We generally choose Oracle 12c whenever the requirements include reliability, scalability, and interconnectivity with existing applications. Most application upgrades are re-hosted in Oracle, if on Oracle. If the application supplier prefers, or has exclusive experience with a different technology, and we still prefer that particular application, it doesn't go on Oracle. If it's compatible with 12c, we'll build it on 12c. If not certified yet, we go with 11gR2 (11.2.0.4). While it would be nice to live in a unified architecture shop, it most cases, other than newly formed organizations, it doesn't become or remain practical in the long run to attempt to force uni-vendor approaches (unless, of course, you're Oracle itself, and then you acquire what's needed, and then re-brand it. That works, too.)

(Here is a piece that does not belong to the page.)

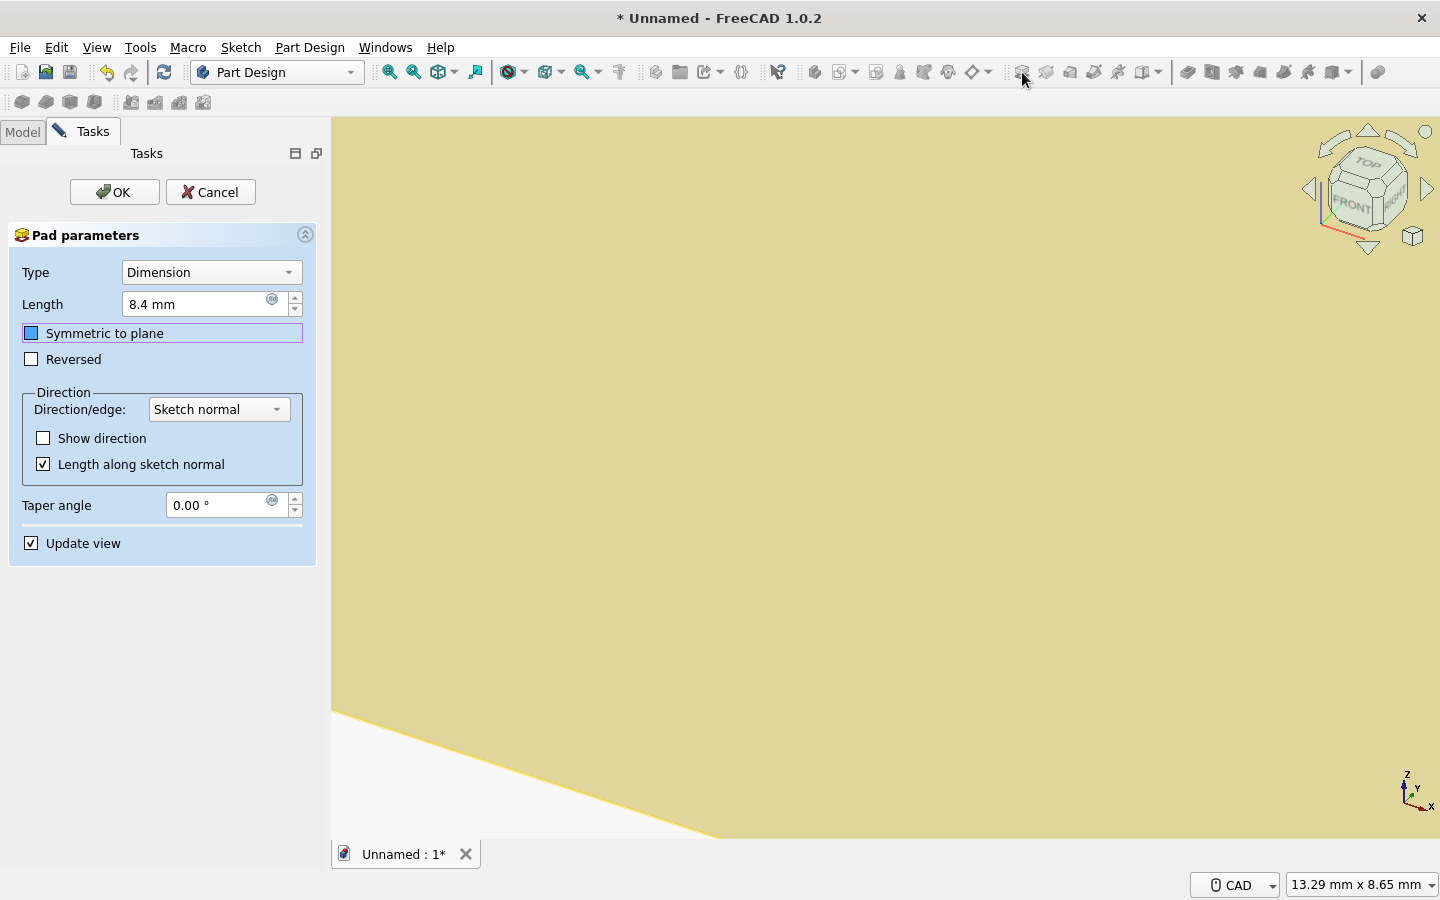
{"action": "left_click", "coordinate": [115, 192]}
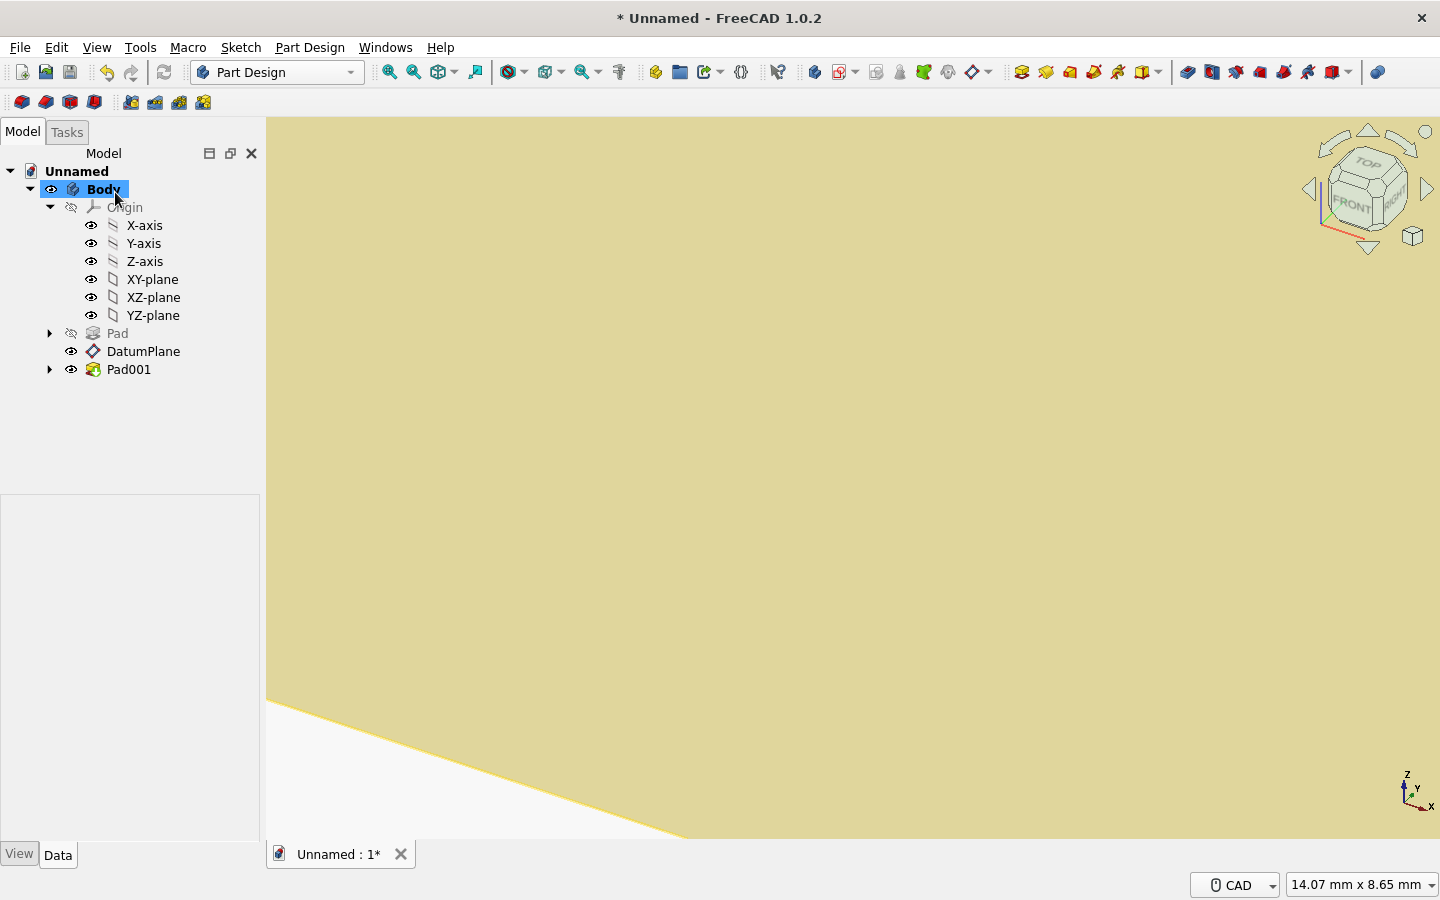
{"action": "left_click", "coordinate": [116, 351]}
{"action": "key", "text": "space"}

Oracle WebCenter Content, Oracle Enterprise Manager Cloud Control, Oracle eBusiness Suite, Oracle PeopleSoft HCM, IBM Cognos, Magento, MySQL
Great platform for any advanced application, that must be scalable, multi-platform, and certainly supporting a multitude of data-related technologies, whether Java, XML, external tables, advanced analytics, or high-availability.

I wouldn't consider Oracle 12c for an appliance application data source (meaning runtime distributions), or even for applications with limited vertical or horizontal customer focus (such as a 100-customer e-Commerce website) simply because it's a 1000lb hammer for a 1lb nail. If I had to choose an Oracle-provided resource in those cases, Oracle MySQL shines as a much easier and lighter footprint data repository, which has superior performance, and some of the most popular performance features, in a low cost-of-entry price point.